What this task involves —
Looking at the data below, how many lines include the word "order"? Respond with the number only.
***
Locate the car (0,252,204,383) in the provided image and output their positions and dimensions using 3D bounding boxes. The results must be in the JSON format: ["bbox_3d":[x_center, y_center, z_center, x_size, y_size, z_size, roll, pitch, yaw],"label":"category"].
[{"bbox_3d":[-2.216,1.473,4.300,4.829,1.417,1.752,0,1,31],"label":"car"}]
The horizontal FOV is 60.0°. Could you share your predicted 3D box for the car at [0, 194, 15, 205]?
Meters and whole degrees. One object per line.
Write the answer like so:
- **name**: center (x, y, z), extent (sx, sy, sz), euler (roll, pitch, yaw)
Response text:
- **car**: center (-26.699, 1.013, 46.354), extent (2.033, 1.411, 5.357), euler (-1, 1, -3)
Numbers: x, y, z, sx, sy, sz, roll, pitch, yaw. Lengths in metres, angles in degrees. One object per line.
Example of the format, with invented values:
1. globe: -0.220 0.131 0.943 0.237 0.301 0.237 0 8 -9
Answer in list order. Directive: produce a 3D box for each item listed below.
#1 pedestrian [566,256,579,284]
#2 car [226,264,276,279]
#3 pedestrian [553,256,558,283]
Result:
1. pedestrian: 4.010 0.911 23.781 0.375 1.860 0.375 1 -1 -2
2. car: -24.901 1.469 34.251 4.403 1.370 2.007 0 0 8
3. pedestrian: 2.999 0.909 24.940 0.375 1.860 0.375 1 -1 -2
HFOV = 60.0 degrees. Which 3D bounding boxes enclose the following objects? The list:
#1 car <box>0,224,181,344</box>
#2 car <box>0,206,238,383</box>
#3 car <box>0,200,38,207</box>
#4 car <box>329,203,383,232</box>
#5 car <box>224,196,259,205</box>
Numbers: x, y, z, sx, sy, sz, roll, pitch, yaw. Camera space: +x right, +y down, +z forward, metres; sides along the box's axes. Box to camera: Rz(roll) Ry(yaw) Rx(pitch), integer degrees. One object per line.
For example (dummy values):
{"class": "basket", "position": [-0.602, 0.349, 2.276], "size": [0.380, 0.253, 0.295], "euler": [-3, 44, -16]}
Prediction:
***
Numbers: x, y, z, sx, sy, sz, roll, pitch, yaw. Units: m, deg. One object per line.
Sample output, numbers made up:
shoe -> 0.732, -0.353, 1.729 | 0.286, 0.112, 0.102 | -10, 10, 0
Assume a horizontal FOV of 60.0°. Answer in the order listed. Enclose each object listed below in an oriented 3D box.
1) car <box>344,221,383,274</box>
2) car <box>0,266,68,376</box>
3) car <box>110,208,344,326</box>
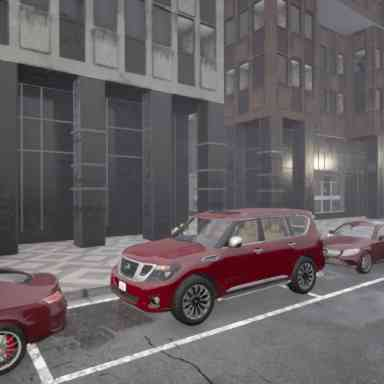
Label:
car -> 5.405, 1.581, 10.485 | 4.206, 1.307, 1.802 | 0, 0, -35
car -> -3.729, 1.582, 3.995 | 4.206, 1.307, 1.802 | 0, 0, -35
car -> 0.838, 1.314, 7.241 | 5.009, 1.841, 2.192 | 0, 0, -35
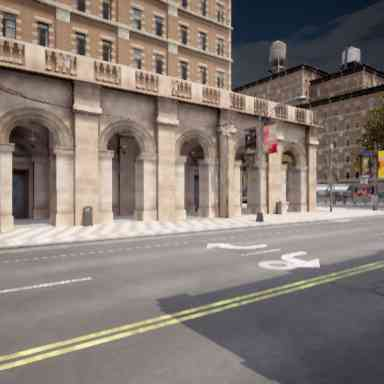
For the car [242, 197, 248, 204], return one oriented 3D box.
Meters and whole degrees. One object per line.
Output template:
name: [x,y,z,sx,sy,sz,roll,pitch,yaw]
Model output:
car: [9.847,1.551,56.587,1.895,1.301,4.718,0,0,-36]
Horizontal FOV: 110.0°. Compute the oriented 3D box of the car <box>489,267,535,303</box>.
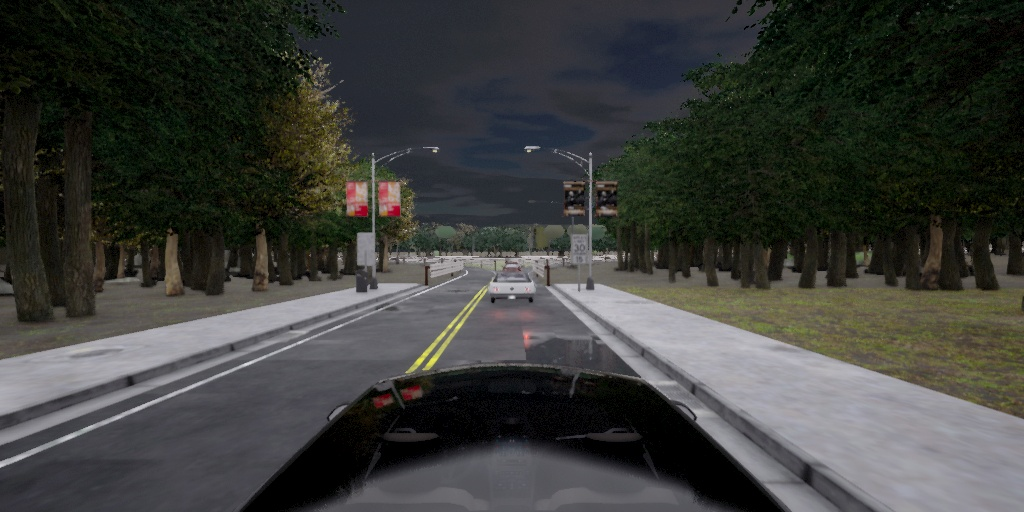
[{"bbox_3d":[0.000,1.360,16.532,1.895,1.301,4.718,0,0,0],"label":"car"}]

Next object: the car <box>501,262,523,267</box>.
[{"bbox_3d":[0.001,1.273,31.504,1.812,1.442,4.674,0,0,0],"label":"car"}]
***
Answer area —
2